Bug 203243

Summary: When using hpmemsize=nnM the MMIO can be assigned double space
Product: Drivers Reporter: Nicholas Johnson (nicholas.johnson-opensource)
Component: PCIAssignee: drivers_pci (drivers_pci)
Status: NEW ---    
Severity: high    
Priority: P1    
Hardware: All   
OS: Linux   
Kernel Version: 5.0 Subsystem:
Regression: No Bisected commit-id:
Attachments: Unmodified kernel dmesg
Unmodified kernel "lspci -xxxx"
Patched kernel dmesg
Patched kernel "lspci -xxxx"

Description Nicholas Johnson 2019-04-10 00:26:58 UTC
Reproduction:
==============================================================================

You will need some sort of PCI hotplug bridge - perhaps Thunderbolt 
add-in card. For all those who are deep into PCI parts of the kernel, I 
would recommend the Gigabyte GC-TITAN RIDGE Thunderbolt 3 add-in card. 
If you jump the correct two pins of the header then it stays awake and 
can allow for testing all kinds of things on an arbitrary system.
    ___
 __/   \__
|o o o o o| When looking into the receptacle on back of PCIe card.
|_________| Jump pins 3 and 5.

 1 2 3 4 5

The easiest way is to use the bundled cable and stick a paperclip in the 
other end of the cable to achieve the desired effect.

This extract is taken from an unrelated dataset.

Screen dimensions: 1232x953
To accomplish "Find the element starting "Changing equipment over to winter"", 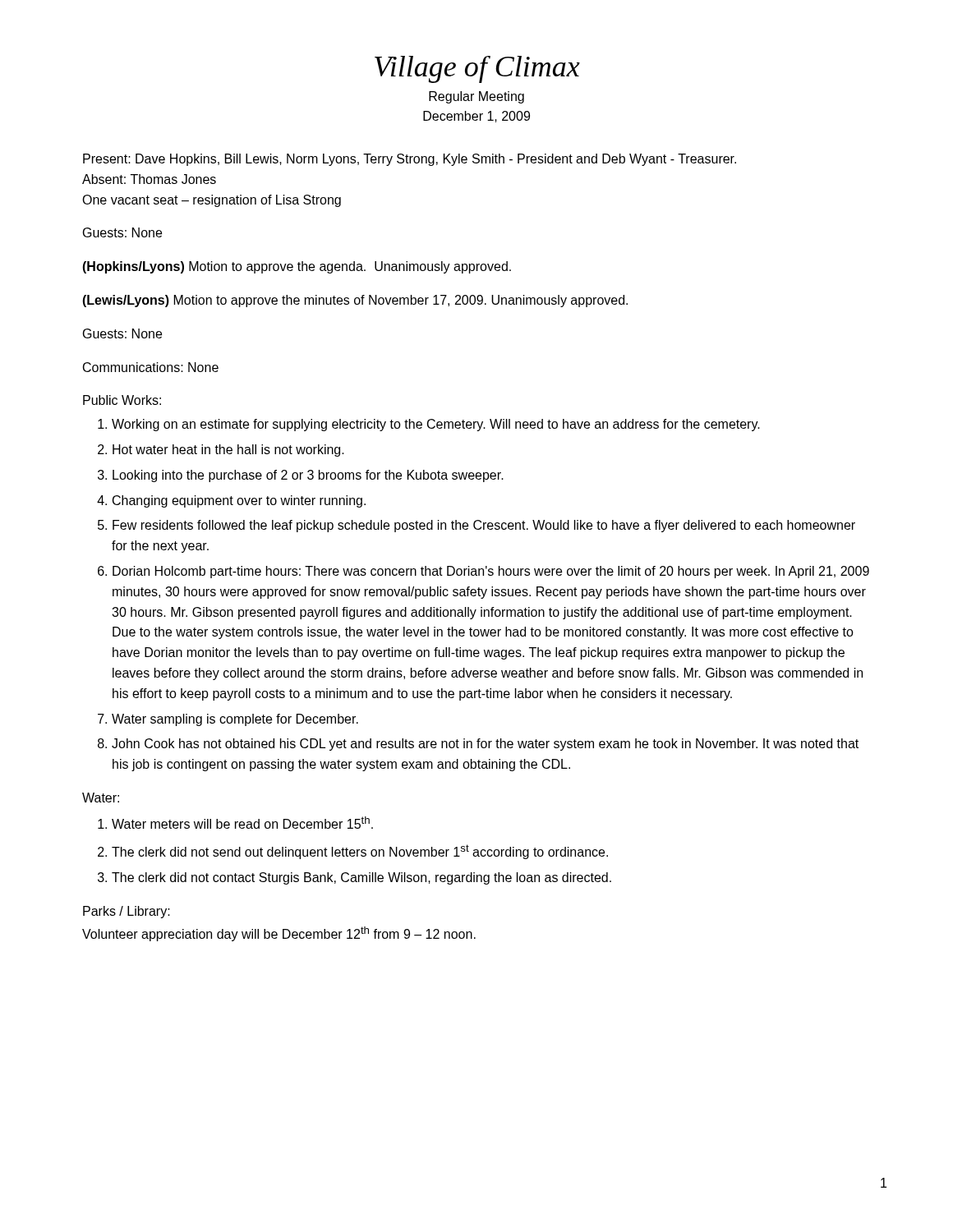I will pyautogui.click(x=239, y=500).

However, a proficient kernel developer can easily override their kernel 
to treat one of their root ports in their system as a hotplug bridge, 
possibly in drivers/pci/probe.c if my memory serves me correctly. I have 
done it before but it has been a while.

if (dev->vendor == 0x???? && dev->device == 0x????)
	dev->is_hotplug_bridge = 1;

Most Intel root ports have unique dev->device for some reason. My root 
ports of my Z270 chipset are 8086:a290, 8086:a294, 8086:a298, etc....

Since most systems disable unused CPU and PCH PCIe ports in BIOS at boot 
time, you might want to pick one that is populated.

Boot with pci=hpmemsize=128M,realloc,nocrs pcie_ports=native

At least with some systems, you can observe that the MMIO (32-bit) has 
been assigned 256M whilst the MMIO_PREF window has been assigned 128M.

The cause:
==============================================================================

File: drivers/pci/setup-bus.c
Function: find_free_bus_resource

find_free_bus_resource ignores resources that have already been 
assigned, when it should return them regardless of whether they have 
been assigned. The caller needs to know the difference between "nothing 
more is needed to be done" and "legitimately cannot find resource".

This function is called by pbus_size_io and pbus_size_mem. These 
functions are using find_free_bus_resource to determine which window to 
place a given resource (IO, MMIO, MMIO_PREF). The kernel does multiple 
passes with pci=realloc to re-attempt any failed assignments. In 
__pci_bus_size_bridges function, if resources fail to assign in 64-bit 
MMIO_PREF then their required space is added to the 32-bit MMIO window. 
If pbus_size_mem returns failure for MMIO_PREF, then this happens.

Because find_free_bus_resource skips over resources that are already 
assigned, it returns NULL because the only suitable resource is already 
assigned. This causes pbus_size_mem to return -ENOSPC, when in fact, it 
should return 0 (success) because there is nothing more to do.

1st pass: MMIO_PREF = success, 128M
	  MMIO = fail (need to expand parent window)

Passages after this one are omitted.